— Exercise directions —
Count the lines below containing "bowl". Number only.

— Provided material —
◆ ◆ ◆ ◆ ◆ ◆ ◆
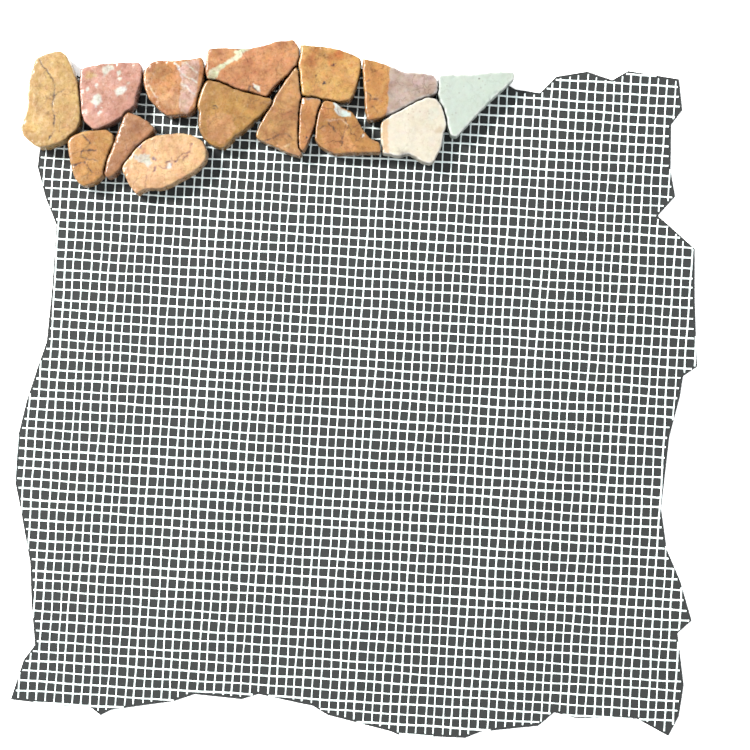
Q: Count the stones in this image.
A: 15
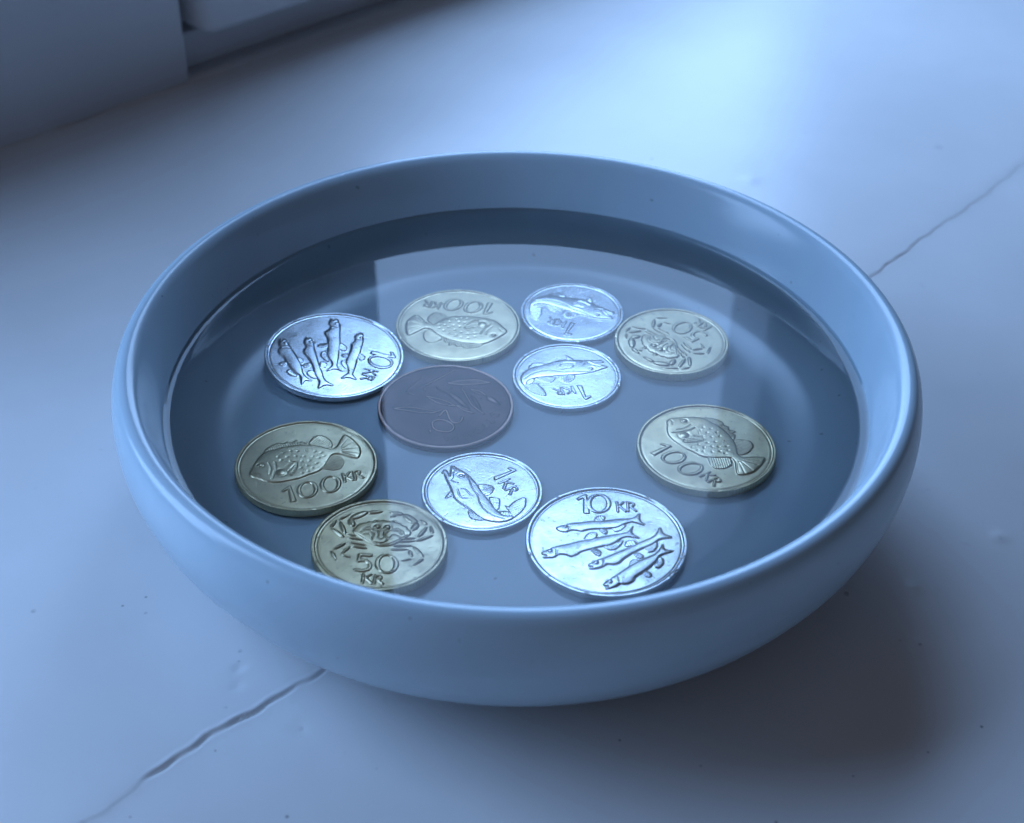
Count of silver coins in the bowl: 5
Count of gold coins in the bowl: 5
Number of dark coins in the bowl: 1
◆ ◆ ◆ ◆ ◆ ◆ ◆
— Response box —
3